PROBLEM: Output the data word for word, dropping every image.

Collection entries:
▼

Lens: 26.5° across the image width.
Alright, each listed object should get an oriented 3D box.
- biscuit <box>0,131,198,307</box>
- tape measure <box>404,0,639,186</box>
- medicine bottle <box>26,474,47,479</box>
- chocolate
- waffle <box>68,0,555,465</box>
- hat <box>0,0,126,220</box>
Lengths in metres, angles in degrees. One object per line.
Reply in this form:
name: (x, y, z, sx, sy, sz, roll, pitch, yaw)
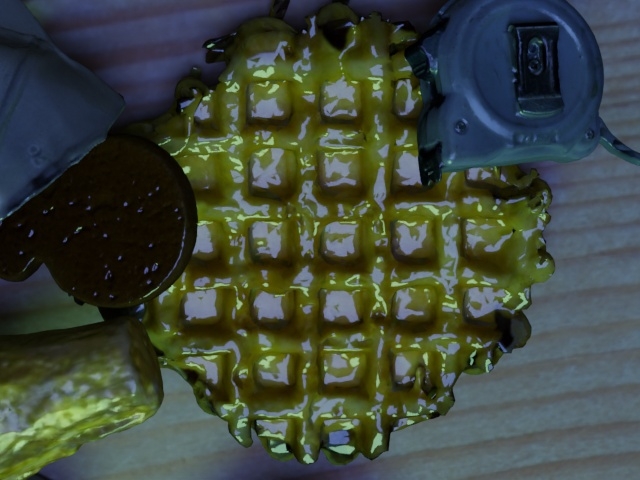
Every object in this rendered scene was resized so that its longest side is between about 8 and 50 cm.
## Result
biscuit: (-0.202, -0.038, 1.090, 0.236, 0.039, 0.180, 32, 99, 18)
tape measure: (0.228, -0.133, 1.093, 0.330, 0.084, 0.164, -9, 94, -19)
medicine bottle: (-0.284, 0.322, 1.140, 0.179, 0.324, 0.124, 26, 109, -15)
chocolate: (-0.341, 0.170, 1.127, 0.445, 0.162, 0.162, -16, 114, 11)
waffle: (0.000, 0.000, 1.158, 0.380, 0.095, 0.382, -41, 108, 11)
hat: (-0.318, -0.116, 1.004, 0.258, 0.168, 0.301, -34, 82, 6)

▲

FINAL ANSWER:
Lens: 26.5° across the image width.
Alright, each listed object should get an oriented 3D box.
- biscuit <box>0,131,198,307</box>
- tape measure <box>404,0,639,186</box>
- medicine bottle <box>26,474,47,479</box>
- chocolate
- waffle <box>68,0,555,465</box>
- hat <box>0,0,126,220</box>
Lengths in metres, angles in degrees. One object per line.
Reply in this form:
name: (x, y, z, sx, sy, sz, roll, pitch, yaw)
Every object in this rendered scene was resized so that its longest side is between about 8 and 50 cm.
## Result
biscuit: (-0.202, -0.038, 1.090, 0.236, 0.039, 0.180, 32, 99, 18)
tape measure: (0.228, -0.133, 1.093, 0.330, 0.084, 0.164, -9, 94, -19)
medicine bottle: (-0.284, 0.322, 1.140, 0.179, 0.324, 0.124, 26, 109, -15)
chocolate: (-0.341, 0.170, 1.127, 0.445, 0.162, 0.162, -16, 114, 11)
waffle: (0.000, 0.000, 1.158, 0.380, 0.095, 0.382, -41, 108, 11)
hat: (-0.318, -0.116, 1.004, 0.258, 0.168, 0.301, -34, 82, 6)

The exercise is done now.